[Excerpts from a dataset]
===============
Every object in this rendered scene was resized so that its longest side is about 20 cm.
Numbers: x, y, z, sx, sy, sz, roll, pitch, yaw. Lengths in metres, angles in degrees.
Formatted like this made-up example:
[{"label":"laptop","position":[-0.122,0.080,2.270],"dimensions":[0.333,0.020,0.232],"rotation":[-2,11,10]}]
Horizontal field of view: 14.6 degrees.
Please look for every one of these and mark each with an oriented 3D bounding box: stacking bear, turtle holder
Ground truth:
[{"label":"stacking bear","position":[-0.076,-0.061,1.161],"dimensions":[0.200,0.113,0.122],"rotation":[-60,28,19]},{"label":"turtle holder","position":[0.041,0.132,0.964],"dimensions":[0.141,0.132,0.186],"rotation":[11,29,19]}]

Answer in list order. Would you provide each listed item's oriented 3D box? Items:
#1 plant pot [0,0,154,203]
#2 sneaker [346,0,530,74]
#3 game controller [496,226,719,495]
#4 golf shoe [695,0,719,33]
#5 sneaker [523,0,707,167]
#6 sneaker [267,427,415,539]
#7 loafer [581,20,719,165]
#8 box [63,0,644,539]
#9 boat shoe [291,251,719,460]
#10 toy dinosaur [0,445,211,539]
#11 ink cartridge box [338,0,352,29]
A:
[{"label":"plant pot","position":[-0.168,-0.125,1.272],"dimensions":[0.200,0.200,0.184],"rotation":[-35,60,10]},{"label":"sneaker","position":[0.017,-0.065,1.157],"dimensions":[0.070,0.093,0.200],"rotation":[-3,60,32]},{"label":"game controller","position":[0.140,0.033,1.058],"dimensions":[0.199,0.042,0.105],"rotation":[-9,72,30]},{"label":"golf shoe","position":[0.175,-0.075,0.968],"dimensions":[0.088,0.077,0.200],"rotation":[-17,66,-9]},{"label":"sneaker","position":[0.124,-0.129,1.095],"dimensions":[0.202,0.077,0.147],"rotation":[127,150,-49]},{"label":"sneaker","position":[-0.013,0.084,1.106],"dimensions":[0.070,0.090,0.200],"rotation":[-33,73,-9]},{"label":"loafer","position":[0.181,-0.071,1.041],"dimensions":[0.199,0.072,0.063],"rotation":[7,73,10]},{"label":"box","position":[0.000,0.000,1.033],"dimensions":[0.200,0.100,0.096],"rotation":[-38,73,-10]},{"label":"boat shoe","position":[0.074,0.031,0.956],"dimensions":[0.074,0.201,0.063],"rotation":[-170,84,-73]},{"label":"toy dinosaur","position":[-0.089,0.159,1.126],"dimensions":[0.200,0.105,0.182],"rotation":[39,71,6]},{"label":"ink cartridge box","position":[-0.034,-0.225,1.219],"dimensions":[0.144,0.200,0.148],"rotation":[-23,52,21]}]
===============
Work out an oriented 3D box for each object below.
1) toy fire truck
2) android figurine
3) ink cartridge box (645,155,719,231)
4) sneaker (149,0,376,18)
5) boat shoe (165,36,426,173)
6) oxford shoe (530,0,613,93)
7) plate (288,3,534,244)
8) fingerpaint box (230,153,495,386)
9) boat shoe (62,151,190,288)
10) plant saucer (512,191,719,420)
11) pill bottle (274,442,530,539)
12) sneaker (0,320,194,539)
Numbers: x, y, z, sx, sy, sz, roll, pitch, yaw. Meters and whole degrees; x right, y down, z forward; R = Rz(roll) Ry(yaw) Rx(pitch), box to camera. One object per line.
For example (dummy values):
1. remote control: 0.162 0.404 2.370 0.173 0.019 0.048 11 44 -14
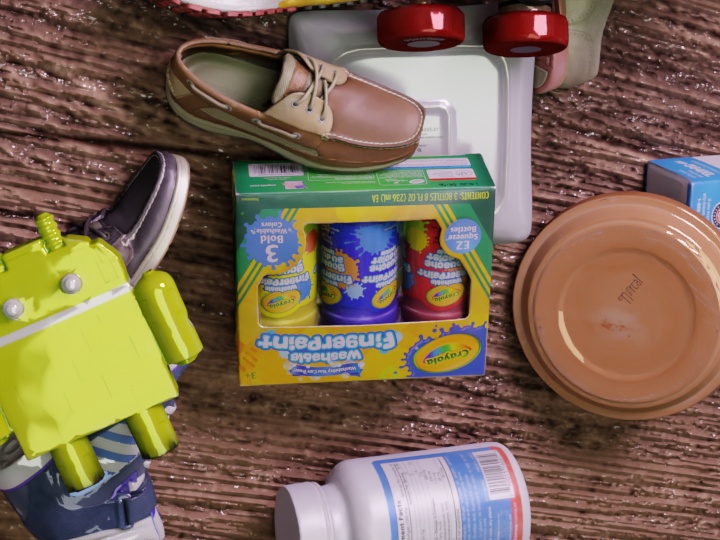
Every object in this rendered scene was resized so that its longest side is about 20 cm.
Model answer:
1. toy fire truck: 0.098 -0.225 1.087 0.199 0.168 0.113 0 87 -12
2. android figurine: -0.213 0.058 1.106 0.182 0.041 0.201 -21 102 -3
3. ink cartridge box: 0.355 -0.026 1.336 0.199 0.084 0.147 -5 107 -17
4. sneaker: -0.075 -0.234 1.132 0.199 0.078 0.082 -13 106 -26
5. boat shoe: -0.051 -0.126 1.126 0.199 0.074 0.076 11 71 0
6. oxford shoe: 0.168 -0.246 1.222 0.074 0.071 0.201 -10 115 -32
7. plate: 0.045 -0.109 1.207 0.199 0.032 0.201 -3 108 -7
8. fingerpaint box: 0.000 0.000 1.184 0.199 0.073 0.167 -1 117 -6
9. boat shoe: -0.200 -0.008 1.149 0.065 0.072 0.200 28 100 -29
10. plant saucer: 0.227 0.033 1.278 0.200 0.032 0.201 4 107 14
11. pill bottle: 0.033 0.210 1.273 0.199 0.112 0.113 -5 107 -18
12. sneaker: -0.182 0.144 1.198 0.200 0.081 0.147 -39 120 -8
===============
Filter the lines above so that only those with the string "Numbers" remain, then copy them.

Numbers: x, y, z, sx, sy, sz, roll, pitch, yaw. Lengths in metres, angles in degrees.
Numbers: x, y, z, sx, sy, sz, roll, pitch, yaw. Meters and whole degrees; x right, y down, z forward; R = Rz(roll) Ry(yaw) Rx(pitch), box to camera. One object per line.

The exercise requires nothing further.